# What paint to use on Great Stuff foam?



## Howlyn (Sep 28, 2004)

I don't have a for sure answer for you, but wanted to say those sure sound cool!

I've had luck using latex paint sponged onto my styrofoam tombstones. I used several shades of gray, black, white and sponged on with a natural sea sponge to look like stone. I've had them out every year for about 6 years and never had a problem with peeling paint. 

I know spray paint "melts" some foam based products, or just gets absorbed. Probably oil based paint would be the best bet for what you are doing, but I hate working with oil due to oder and dry time & clean up.


----------



## Ugly Joe (Jan 13, 2004)

*Skelly215* - the best idea is to put a quick coat of latex based primer on it.
That will give a durable base, and allow other paints to stick better.

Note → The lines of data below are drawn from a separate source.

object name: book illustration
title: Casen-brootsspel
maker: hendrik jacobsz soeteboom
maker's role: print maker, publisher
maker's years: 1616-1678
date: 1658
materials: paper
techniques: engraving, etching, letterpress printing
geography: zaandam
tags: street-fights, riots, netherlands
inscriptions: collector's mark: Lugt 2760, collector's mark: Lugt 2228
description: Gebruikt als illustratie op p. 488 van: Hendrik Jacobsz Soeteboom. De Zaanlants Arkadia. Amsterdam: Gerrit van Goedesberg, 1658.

Also, if you wanted to use spray paint, the primer will keep the solvents in the spray paint from reaching, and decomposing, the foam.


----------



## Skelly215 (Sep 22, 2004)

Guess it's time to hit the ol' Home Depot to look for "oops" latex paint in appropriate colors. Howlyn, I too hate oil-based paints - the smell and clean-up are too much trouble.


----------



## DeltaGirl (Jan 12, 2004)

i just sprayed 2 or 3 layers of spray paint on my great stuf prop yesterday... didn't eat away at the foam at all...

There is a fine line between genious and insanity... its about 5 miles back.


----------